* [The problem] Below are records to repeat exactly. Omit the pictures from the copy.

Dataset items:
=== Begin Enclosure ===

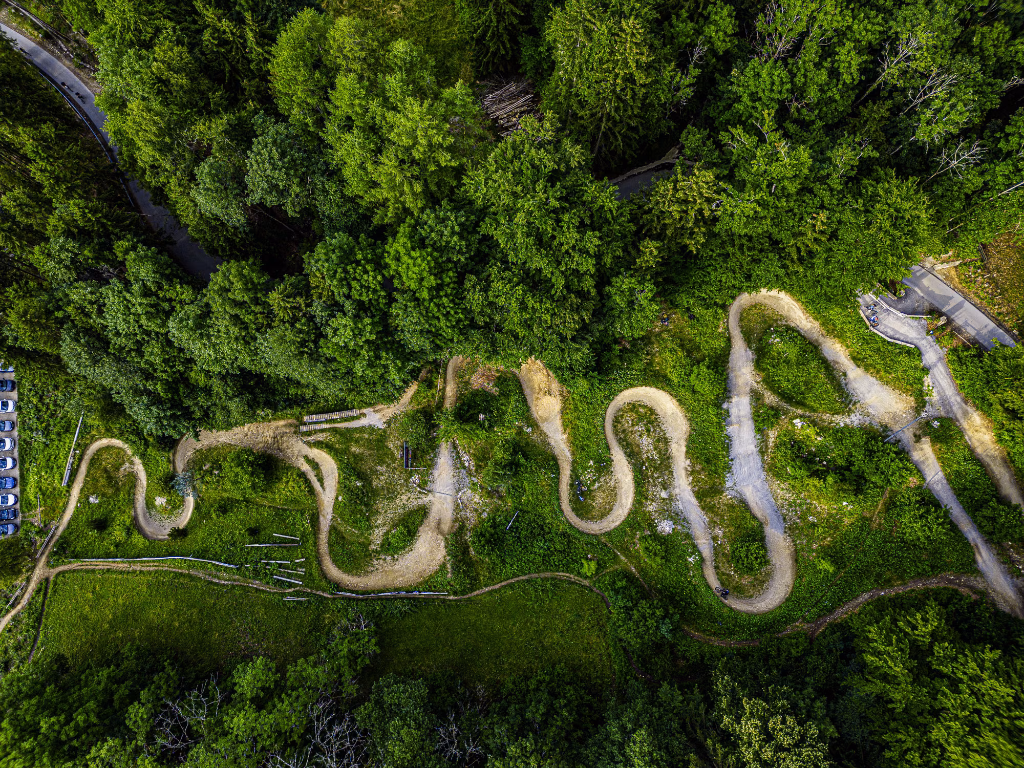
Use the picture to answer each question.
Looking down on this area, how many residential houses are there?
none
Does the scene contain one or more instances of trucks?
No
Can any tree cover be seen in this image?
Yes
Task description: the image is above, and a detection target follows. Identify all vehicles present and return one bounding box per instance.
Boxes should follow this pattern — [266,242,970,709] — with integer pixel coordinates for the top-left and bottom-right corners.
[0,524,17,538]
[0,476,15,492]
[0,419,13,432]
[0,508,17,523]
[0,399,14,414]
[0,493,17,508]
[0,378,15,393]
[0,457,14,472]
[0,360,14,375]
[0,438,13,451]

=== End Enclosure ===

* [Output for this exercise]
Use the picture to answer each question.
Looking down on this area, how many residential houses are there?
none
Does the scene contain one or more instances of trucks?
No
Can any tree cover be seen in this image?
Yes
Task description: the image is above, and a detection target follows. Identify all vehicles present and return one bounding box per instance.
Boxes should follow this pattern — [266,242,970,709] — with integer pixel coordinates for the top-left and bottom-right corners.
[0,524,17,538]
[0,476,15,492]
[0,419,13,432]
[0,508,17,523]
[0,399,14,414]
[0,493,17,508]
[0,378,15,393]
[0,457,14,472]
[0,360,14,375]
[0,438,13,451]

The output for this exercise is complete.